Luna menoleh, tampak sedikit bingung. “Kenapa? Aku kan cuma diajak jalan saja, nggak ada yang salah, kan?”

Clara dan beberapa temannya saling bertukar pandang. Ekspresi mereka dipenuhi ketakutan dan kekhawatiran. Mereka semua tahu siapa Aaron, dan mereka tahu apa yang bisa terjadi jika terlibat dengannya. Aaron bukan hanya pemuda berbahaya, tapi juga tak terduga. Tidak ada yang bisa benar-benar menebak apa yang ada di pikirannya, dan itulah yang membuatnya sangat menakutkan bagi orang lain.

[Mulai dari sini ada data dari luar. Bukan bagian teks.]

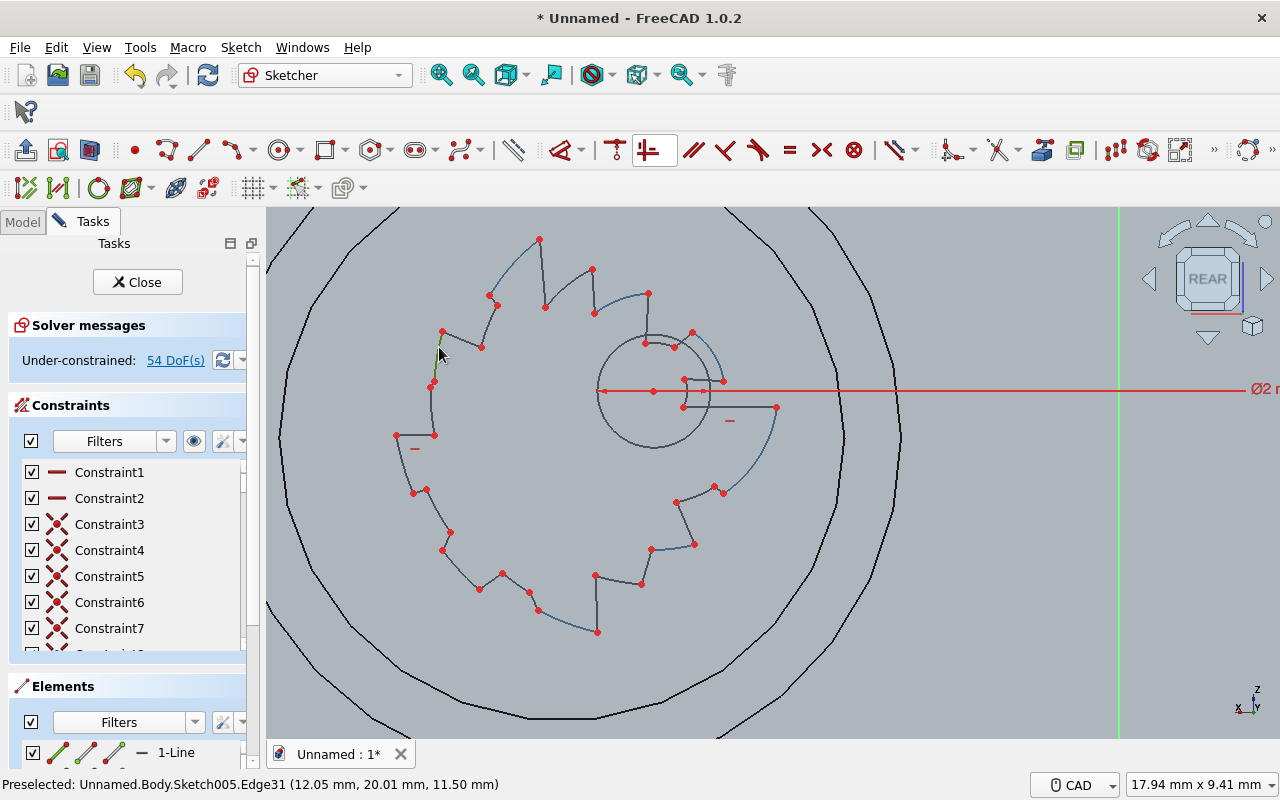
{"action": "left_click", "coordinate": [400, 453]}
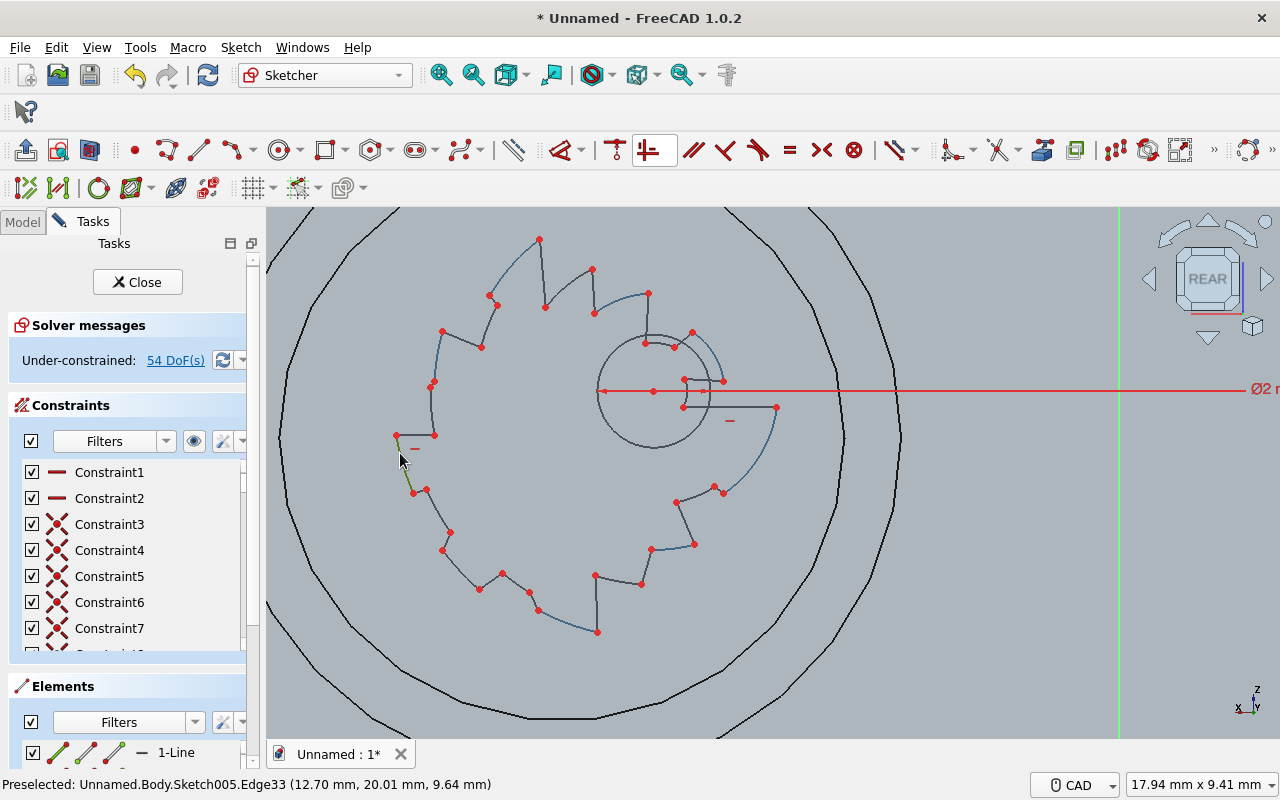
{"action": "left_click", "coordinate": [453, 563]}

“Luna, dia bukan orang biasa,” Clara berkata pelan namun penuh tekanan. “Semua orang di sekolah ini tahu kalau Aaron… dia beda. Kamu nggak boleh sembarangan percaya padanya. Apa kamu nggak lihat bagaimana semua orang takut padanya?”

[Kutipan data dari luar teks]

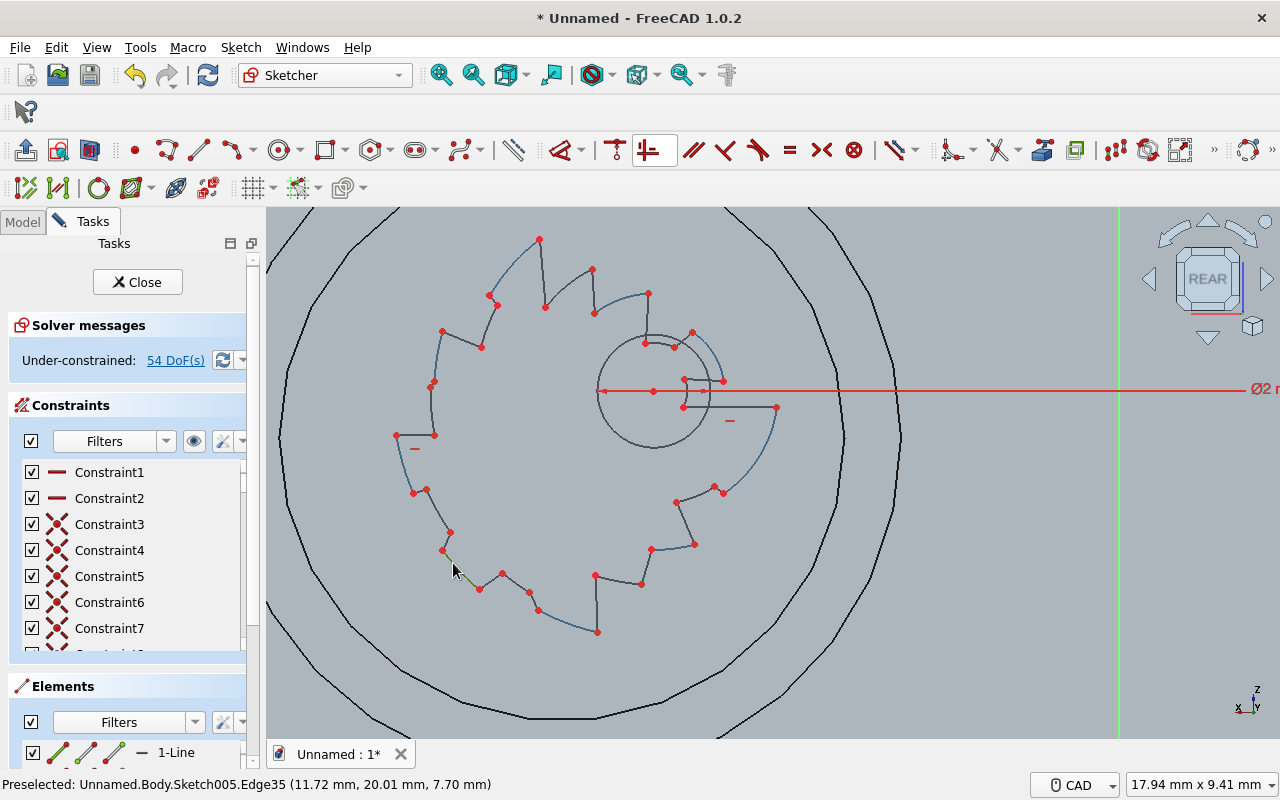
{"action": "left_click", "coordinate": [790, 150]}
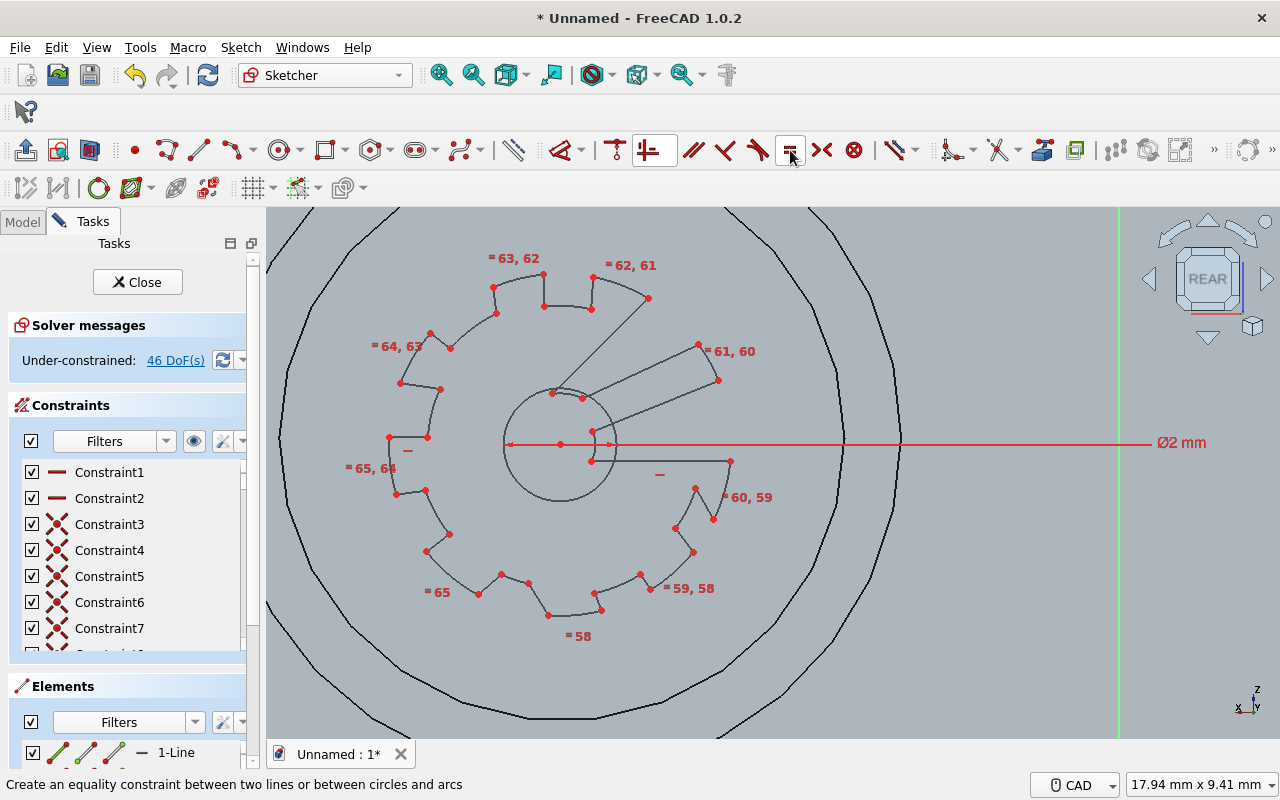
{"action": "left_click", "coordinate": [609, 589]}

Luna tersenyum lembut, tapi tetap tegas. “Aku tahu, Clara. Tapi aku sudah pernah bicara sama Aaron beberapa kali. Dia tidak seburuk yang kalian pikirkan.”

“Luna, tolong dengar kami,” salah satu teman lain, Lisa, ikut bicara. Suaranya terdengar hampir putus asa. “Orang lain nggak akan mendekati Aaron kalau mereka nggak punya masalah besar. Kamu nggak lihat tatapan orang lain? Mereka semua takut kalau kamu semakin dekat dengannya.”

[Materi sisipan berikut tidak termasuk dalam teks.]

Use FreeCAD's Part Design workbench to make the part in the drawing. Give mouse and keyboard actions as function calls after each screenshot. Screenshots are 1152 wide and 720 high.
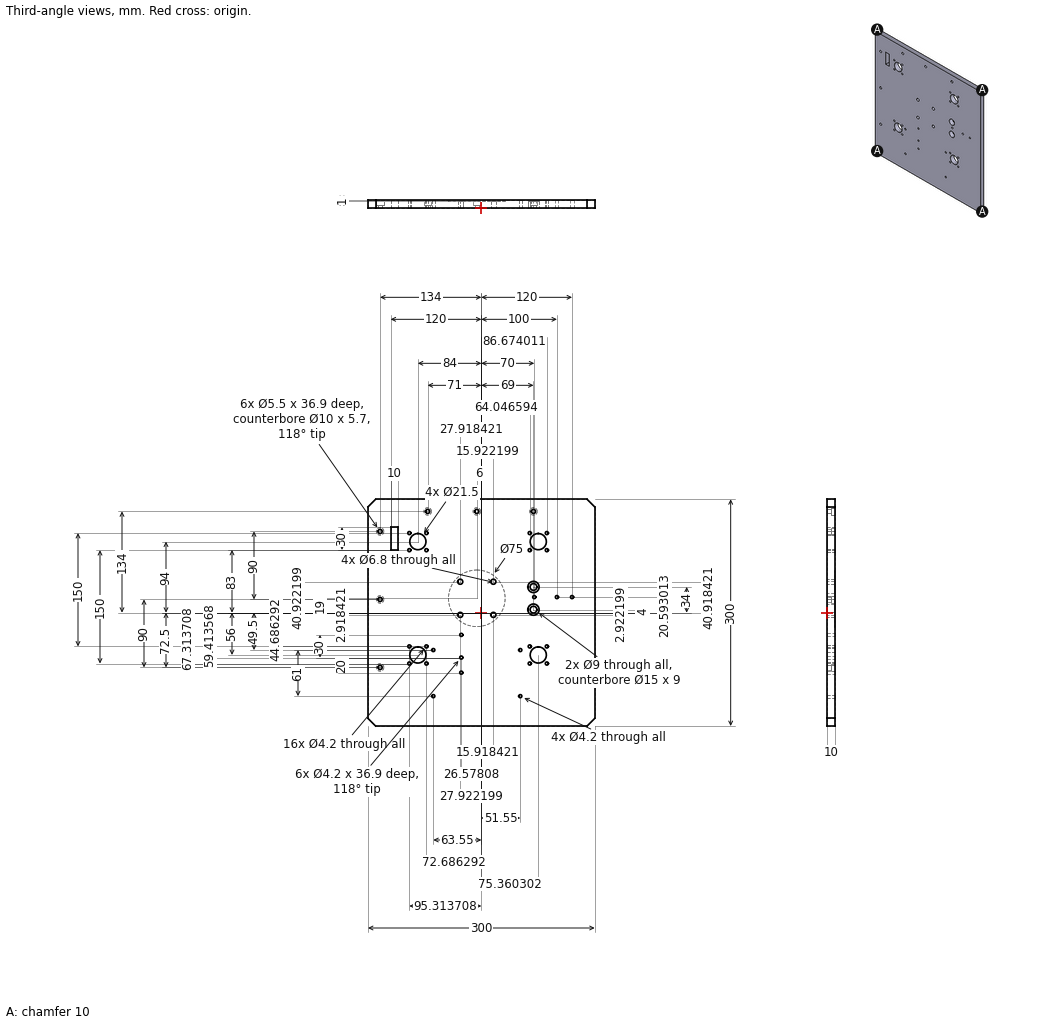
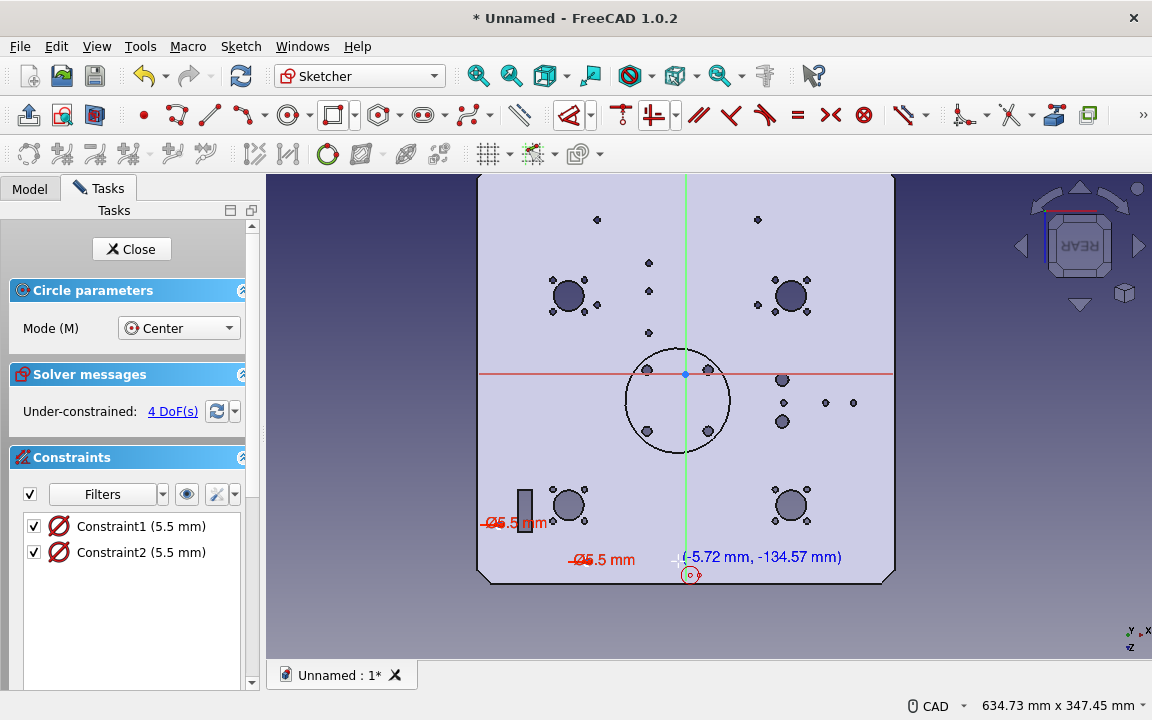
scroll(678, 561, up, 4)

Luna memandang teman-temannya satu per satu, tetapi meskipun mereka terlihat sangat khawatir, Luna tetap tenang. Aaron memang misterius dan penuh rahasia, tapi dia juga selalu baik padanya. Dia tidak melihat alasan untuk takut hanya karena rumor.

“Tenang saja,” kata Luna, meyakinkan mereka dengan senyum. “Aku baik-baik saja. Kalau ada apa-apa, aku akan langsung cerita ke kalian.”

Sebelum Clara atau yang lainnya bisa membalas, Luna melangkah maju, meninggalkan mereka dengan perasaan tak berdaya. Mereka hanya bisa menatapnya dengan perasaan campur aduk, bingung antara khawatir dan frustrasi. Tidak ada yang bisa mereka lakukan jika Luna benar-benar memutuskan untuk tetap mendekati Aaron. Mereka semua tahu Aaron tidak bisa didekati sembarangan, tapi Luna… Luna seolah kebal dari semua peringatan itu.

Luna melangkah mendekati Aaron, dan pemuda itu menoleh sedikit, tatapannya yang tajam melunak begitu melihat gadis itu datang. Tanpa berkata-kata, Aaron mengulurkan tangannya ke arah Luna. Mata siswa lain yang berada di dekat mereka segera membelalak, beberapa bahkan bisik-bisik dengan cemas.

Luna tersenyum dan mengambil tangan Aaron tanpa ragu, lalu keduanya berjalan keluar dari gerbang sekolah bersama. Langkah mereka terlihat santai, tetapi kehadiran Aaron di samping Luna seperti menebarkan aura dingin yang membuat siapa pun menjauh. Tidak ada yang berani mendekat, dan tidak ada yang berani berbicara. Semua hanya bisa menatap punggung mereka dengan ketakutan.

Clara dan teman-teman Luna yang lain masih berdiri di dekat pintu masuk sekolah, menatap cemas ke arah kepergian Luna. Ekspresi mereka jelas menunjukkan rasa takut yang semakin besar. Mereka tahu bahwa setelah ini, tidak akan ada yang sama lagi antara Luna dan mereka.